La non assimilazione dell’avvocato (e, più in generale, di ogni professionista) all’impresa rende perciò incostituzionale e illegittima la previsione del citato art. 3 D.L. 138/2011 che, così come formulato, contrasta con le norme primarie dell’ordinamento giuridico del nostro Paese (Costituzione e normativa europea).

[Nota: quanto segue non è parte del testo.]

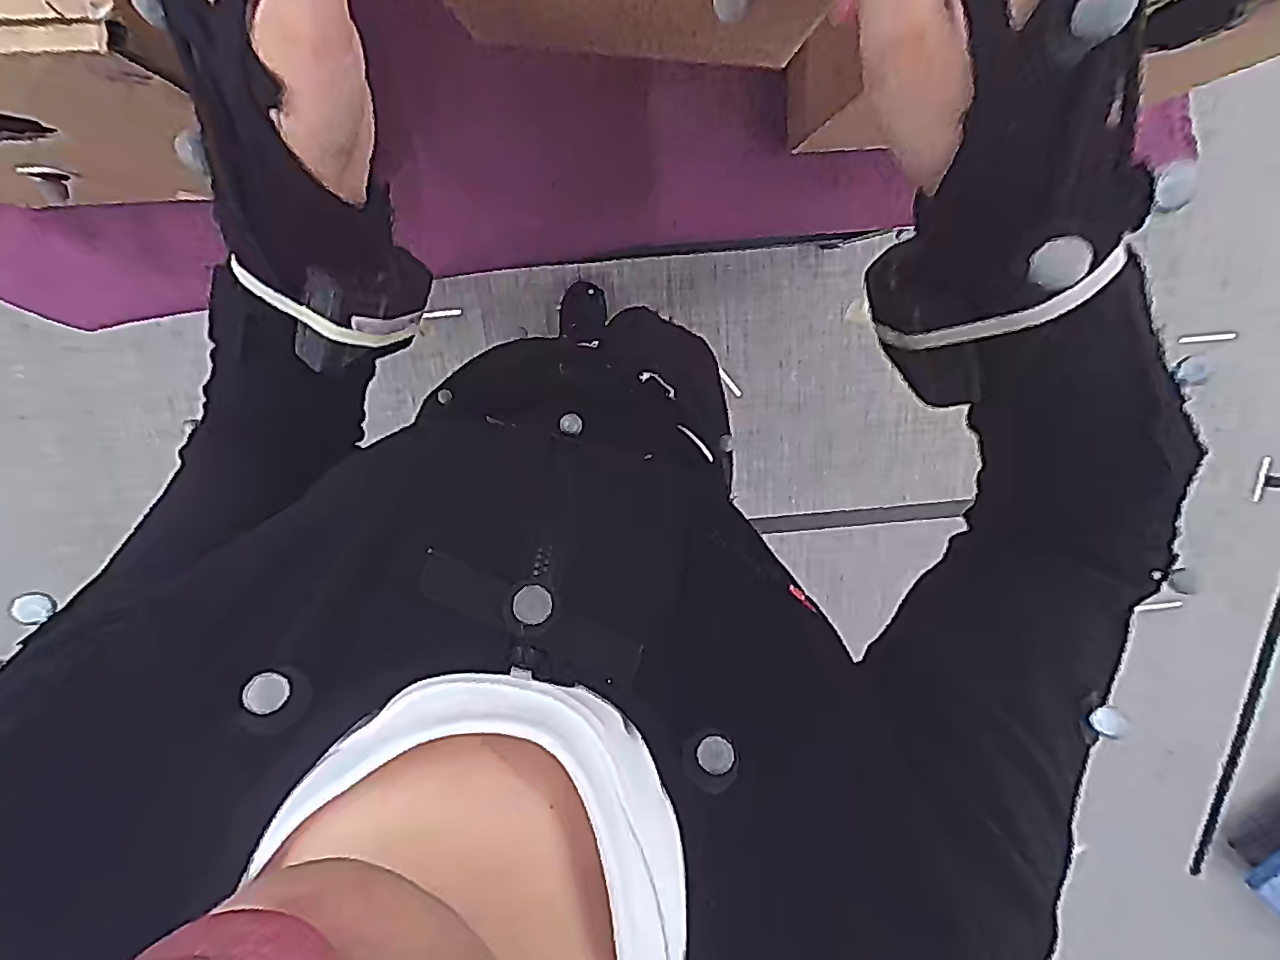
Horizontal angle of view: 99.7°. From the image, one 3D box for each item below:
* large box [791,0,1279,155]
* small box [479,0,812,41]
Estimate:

Questi i dieci punti affermati dall’Oua sull’argomento:

1) la professione forense non rientra nella previsione dell’art. 41 della Costituzione, che riguarda le attività economiche. L’attività di avvocato svolge la specifica funzione costituzionale di difendere i cittadini e non può essere in alcun modo assimilata all’attività di impresa;

2) la funzione di interesse pubblico svolta dagli avvocati è riconosciuta dalla stessa Unione europea

(in tre documenti: la Risoluzione parlamentare 23 marzo 2006, la Direttiva Zappalà e la Direttiva ex

Bolkestein, queste ultime direttive sono state recepite nell’ordinamento italiano). La normativa europea prevale su quella nazionale (v. Carta dei diritti fondamentali dell’Unione europea recepita nel Trattato di Lisbona);

3) la funzione svolta dall’avvocato nel processo è garantita dagli artt. 24 e 111 della Costituzione e non può essere connotata da esigenze mercantili, rientrando nella sfera dei diritti fondamentali dei cittadini;

4) anche sotto il profilo del lavoro autonomo non si applica l’art. 41, bensì si applicano gli artt. 1, 4, 33 e 36 della Costituzione;

5) la non assimilazione all’impresa dell’avvocato (e più in generale di ogni professionista) rende incostituzionale e illegittima la previsione dell’art. 3 D.L. 138/2011, che, così come formulato, contrasta con le norme primarie dell’ordinamento giuridico del nostro Paese (Costituzione e normativa europea);

6) la situazione è tanto più vistosa ed illegittima dopo la lettura della rubrica dell’art. 3 «Abrogazione delle indebite restrizioni all’accesso e all’esercizio delle professioni …». Le parole «indebite restrizioni» rovesciano la realtà giuridica, non potendo ritenersi «indebite» le restrizioni in linea con la Costituzione;

7) uno Stato di diritto deve pretendere che gli avvocati, i quali hanno il compito di difendere i cittadini (nel cui ambito rientra il dovere di difendere i meno abbienti e svolgere le difese di ufficio), siano sufficientemente preparati dotando il loro ministero di professionalità e competenza specializzata. Ciò che non può conciliarsi con la possibilità di stipulare con il cliente un accordo che sia in deroga (e al ribasso) dei minimi di tariffa;

8) l’art. 3 D.L. 138/2011 contribuirà non poco al degrado delle attività professionali e, segnatamente, della professione di avvocato. Se rimarrà in piedi, rischierà di distruggere l’indipendenza e la dignità della professione forense: oggi, con l’accesso facile e la introduzione della pubblicità dei compensi con deroga al ribasso senza limiti; domani, con l’introduzione dei soci di capitale e l’eliminazione delle incompatibilità tra professione e commercio;

9) le professioni non hanno a che vedere alcunché con il deficit e il debito dello Stato: l’intervento «barbaro» del D.L.138/2011 non ha alcuna seria giustificazione, contribuendo peraltro i professionisti al PIL nazionale con il 12% dell’imponibile fiscale;

10) ove fosse confermata la formulazione attuale dell’art. 3 D.L. 138/2011, l’Oua promuoverà iniziative giudiziarie davanti ai giudici proponendo la rimessione della legge alla Corte Costituzionale, nonché innanzi alla Corte Europea di Giustizia per farne dichiarare la illegittimità, il tutto per il contrasto evidente con la Costituzione e la Carta europea dei diritti fondamentali.